* Data in this exercise *
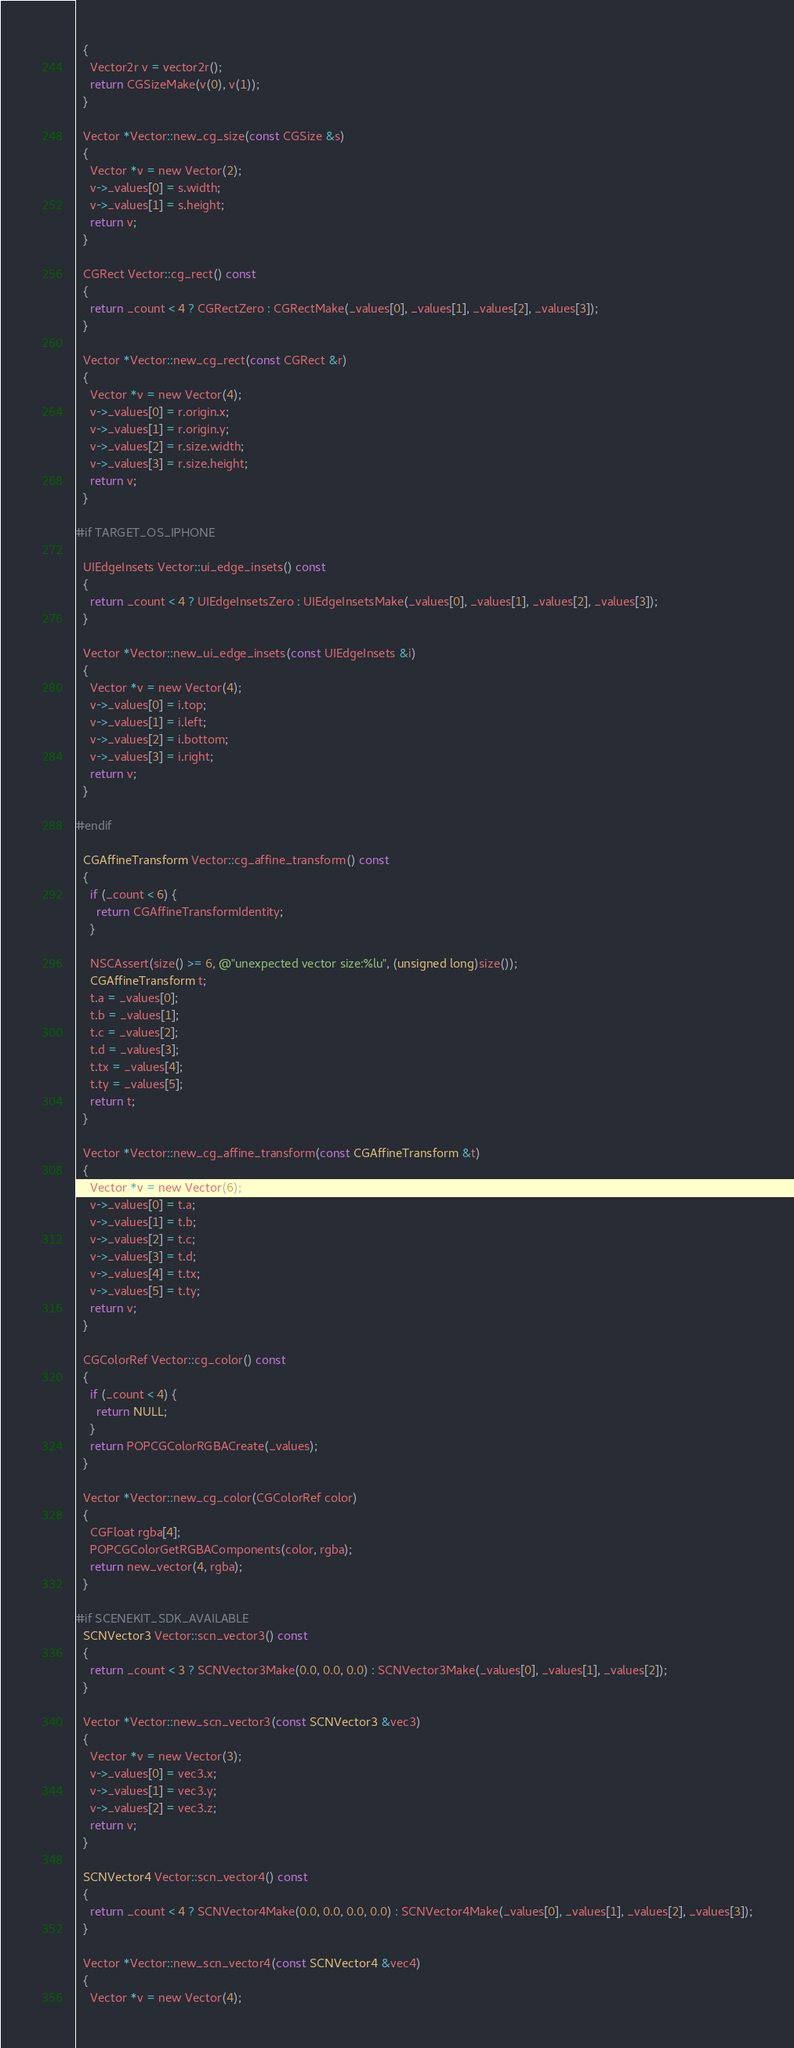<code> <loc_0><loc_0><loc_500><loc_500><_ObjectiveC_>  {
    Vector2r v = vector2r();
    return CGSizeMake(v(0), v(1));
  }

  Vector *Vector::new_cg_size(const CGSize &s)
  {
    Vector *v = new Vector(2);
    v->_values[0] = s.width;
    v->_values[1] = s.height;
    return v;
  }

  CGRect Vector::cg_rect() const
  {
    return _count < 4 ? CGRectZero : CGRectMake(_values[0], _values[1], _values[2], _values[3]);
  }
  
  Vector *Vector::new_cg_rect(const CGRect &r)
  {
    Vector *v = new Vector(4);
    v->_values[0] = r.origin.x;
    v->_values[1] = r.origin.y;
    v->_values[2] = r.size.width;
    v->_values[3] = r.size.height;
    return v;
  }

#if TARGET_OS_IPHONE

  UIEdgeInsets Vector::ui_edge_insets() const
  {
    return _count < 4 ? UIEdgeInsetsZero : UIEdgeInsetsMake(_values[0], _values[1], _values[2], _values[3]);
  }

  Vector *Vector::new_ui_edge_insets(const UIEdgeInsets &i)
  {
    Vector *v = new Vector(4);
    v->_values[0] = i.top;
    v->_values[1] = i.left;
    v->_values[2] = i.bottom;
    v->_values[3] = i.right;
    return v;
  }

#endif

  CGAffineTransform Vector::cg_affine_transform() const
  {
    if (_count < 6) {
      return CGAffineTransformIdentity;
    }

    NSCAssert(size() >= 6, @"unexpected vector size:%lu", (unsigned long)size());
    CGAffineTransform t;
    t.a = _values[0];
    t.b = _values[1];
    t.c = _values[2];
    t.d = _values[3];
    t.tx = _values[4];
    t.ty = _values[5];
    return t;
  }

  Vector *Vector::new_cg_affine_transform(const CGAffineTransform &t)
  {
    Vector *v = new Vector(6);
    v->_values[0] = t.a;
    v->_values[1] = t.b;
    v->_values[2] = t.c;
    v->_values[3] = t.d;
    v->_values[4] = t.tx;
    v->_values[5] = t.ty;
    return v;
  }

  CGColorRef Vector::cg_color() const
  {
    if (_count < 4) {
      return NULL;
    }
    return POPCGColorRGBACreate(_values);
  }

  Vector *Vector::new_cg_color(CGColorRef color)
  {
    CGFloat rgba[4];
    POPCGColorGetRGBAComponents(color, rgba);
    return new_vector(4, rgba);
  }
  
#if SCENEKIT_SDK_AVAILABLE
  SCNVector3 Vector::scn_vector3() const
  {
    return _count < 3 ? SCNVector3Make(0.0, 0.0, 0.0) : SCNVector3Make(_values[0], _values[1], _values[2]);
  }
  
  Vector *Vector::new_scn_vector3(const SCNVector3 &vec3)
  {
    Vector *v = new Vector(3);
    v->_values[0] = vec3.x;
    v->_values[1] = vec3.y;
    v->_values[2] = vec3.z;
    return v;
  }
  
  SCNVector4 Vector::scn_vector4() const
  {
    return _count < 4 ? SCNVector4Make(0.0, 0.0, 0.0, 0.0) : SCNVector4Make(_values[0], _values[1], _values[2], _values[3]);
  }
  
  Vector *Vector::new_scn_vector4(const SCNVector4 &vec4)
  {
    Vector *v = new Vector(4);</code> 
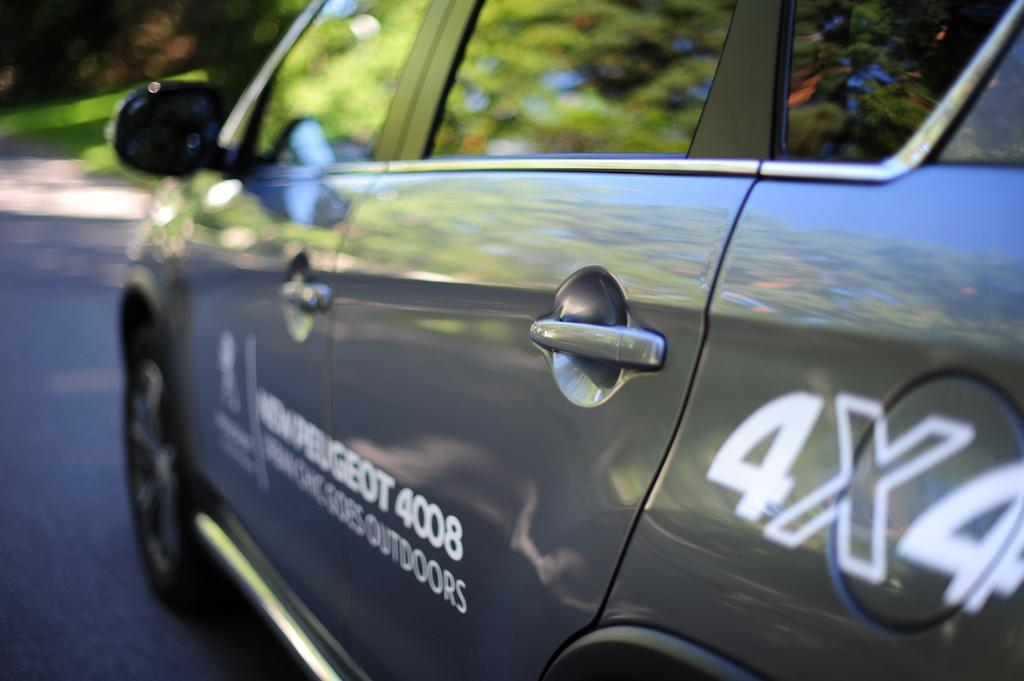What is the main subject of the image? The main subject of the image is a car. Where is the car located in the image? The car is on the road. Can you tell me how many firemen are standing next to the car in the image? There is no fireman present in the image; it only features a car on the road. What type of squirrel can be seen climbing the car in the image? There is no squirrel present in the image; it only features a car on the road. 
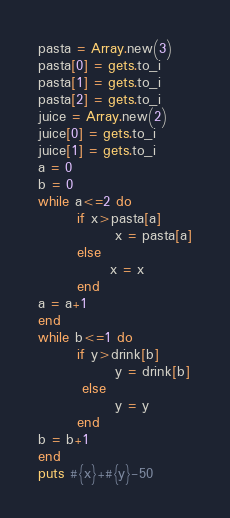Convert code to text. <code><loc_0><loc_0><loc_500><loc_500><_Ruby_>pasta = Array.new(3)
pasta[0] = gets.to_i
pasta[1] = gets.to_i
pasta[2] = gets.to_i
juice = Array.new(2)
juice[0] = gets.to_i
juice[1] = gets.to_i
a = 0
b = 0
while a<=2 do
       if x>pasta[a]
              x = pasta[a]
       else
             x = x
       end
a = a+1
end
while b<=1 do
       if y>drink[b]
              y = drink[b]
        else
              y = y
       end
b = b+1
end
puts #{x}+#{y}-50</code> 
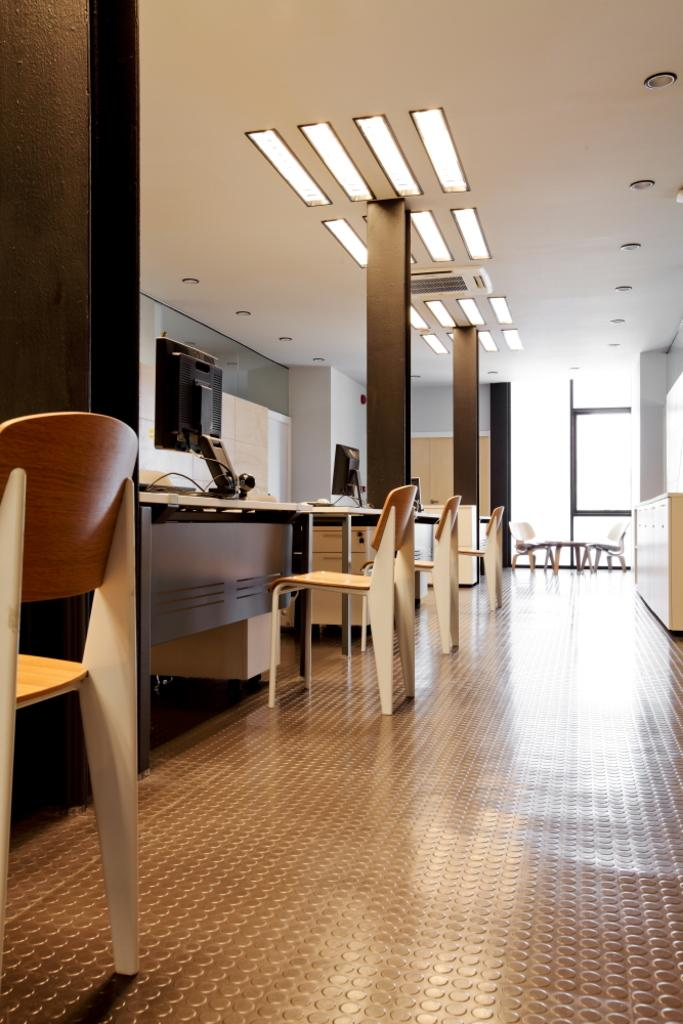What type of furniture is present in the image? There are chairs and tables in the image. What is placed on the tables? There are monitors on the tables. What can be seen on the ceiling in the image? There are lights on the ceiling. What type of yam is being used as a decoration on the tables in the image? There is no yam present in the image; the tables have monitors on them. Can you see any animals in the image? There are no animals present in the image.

* Your task *
Restate the entries verbatim, without pictures.

* Solution to this task *
<code> <loc_0><loc_0><loc_500><loc_500><_ObjectiveC_>  {
    Vector2r v = vector2r();
    return CGSizeMake(v(0), v(1));
  }

  Vector *Vector::new_cg_size(const CGSize &s)
  {
    Vector *v = new Vector(2);
    v->_values[0] = s.width;
    v->_values[1] = s.height;
    return v;
  }

  CGRect Vector::cg_rect() const
  {
    return _count < 4 ? CGRectZero : CGRectMake(_values[0], _values[1], _values[2], _values[3]);
  }
  
  Vector *Vector::new_cg_rect(const CGRect &r)
  {
    Vector *v = new Vector(4);
    v->_values[0] = r.origin.x;
    v->_values[1] = r.origin.y;
    v->_values[2] = r.size.width;
    v->_values[3] = r.size.height;
    return v;
  }

#if TARGET_OS_IPHONE

  UIEdgeInsets Vector::ui_edge_insets() const
  {
    return _count < 4 ? UIEdgeInsetsZero : UIEdgeInsetsMake(_values[0], _values[1], _values[2], _values[3]);
  }

  Vector *Vector::new_ui_edge_insets(const UIEdgeInsets &i)
  {
    Vector *v = new Vector(4);
    v->_values[0] = i.top;
    v->_values[1] = i.left;
    v->_values[2] = i.bottom;
    v->_values[3] = i.right;
    return v;
  }

#endif

  CGAffineTransform Vector::cg_affine_transform() const
  {
    if (_count < 6) {
      return CGAffineTransformIdentity;
    }

    NSCAssert(size() >= 6, @"unexpected vector size:%lu", (unsigned long)size());
    CGAffineTransform t;
    t.a = _values[0];
    t.b = _values[1];
    t.c = _values[2];
    t.d = _values[3];
    t.tx = _values[4];
    t.ty = _values[5];
    return t;
  }

  Vector *Vector::new_cg_affine_transform(const CGAffineTransform &t)
  {
    Vector *v = new Vector(6);
    v->_values[0] = t.a;
    v->_values[1] = t.b;
    v->_values[2] = t.c;
    v->_values[3] = t.d;
    v->_values[4] = t.tx;
    v->_values[5] = t.ty;
    return v;
  }

  CGColorRef Vector::cg_color() const
  {
    if (_count < 4) {
      return NULL;
    }
    return POPCGColorRGBACreate(_values);
  }

  Vector *Vector::new_cg_color(CGColorRef color)
  {
    CGFloat rgba[4];
    POPCGColorGetRGBAComponents(color, rgba);
    return new_vector(4, rgba);
  }
  
#if SCENEKIT_SDK_AVAILABLE
  SCNVector3 Vector::scn_vector3() const
  {
    return _count < 3 ? SCNVector3Make(0.0, 0.0, 0.0) : SCNVector3Make(_values[0], _values[1], _values[2]);
  }
  
  Vector *Vector::new_scn_vector3(const SCNVector3 &vec3)
  {
    Vector *v = new Vector(3);
    v->_values[0] = vec3.x;
    v->_values[1] = vec3.y;
    v->_values[2] = vec3.z;
    return v;
  }
  
  SCNVector4 Vector::scn_vector4() const
  {
    return _count < 4 ? SCNVector4Make(0.0, 0.0, 0.0, 0.0) : SCNVector4Make(_values[0], _values[1], _values[2], _values[3]);
  }
  
  Vector *Vector::new_scn_vector4(const SCNVector4 &vec4)
  {
    Vector *v = new Vector(4);</code> 
What is the main subject of the image? The main subject of the image is a car. Where is the car located in the image? The car is on the road. Can you tell me how many firemen are standing next to the car in the image? There is no fireman present in the image; it only features a car on the road. What type of squirrel can be seen climbing the car in the image? There is no squirrel present in the image; it only features a car on the road. 
Convert code to text. <code><loc_0><loc_0><loc_500><loc_500><_Ruby_>pasta = Array.new(3)
pasta[0] = gets.to_i
pasta[1] = gets.to_i
pasta[2] = gets.to_i
juice = Array.new(2)
juice[0] = gets.to_i
juice[1] = gets.to_i
a = 0
b = 0
while a<=2 do
       if x>pasta[a]
              x = pasta[a]
       else
             x = x
       end
a = a+1
end
while b<=1 do
       if y>drink[b]
              y = drink[b]
        else
              y = y
       end
b = b+1
end
puts #{x}+#{y}-50</code> 
What type of furniture is present in the image? There are chairs and tables in the image. What is placed on the tables? There are monitors on the tables. What can be seen on the ceiling in the image? There are lights on the ceiling. What type of yam is being used as a decoration on the tables in the image? There is no yam present in the image; the tables have monitors on them. Can you see any animals in the image? There are no animals present in the image.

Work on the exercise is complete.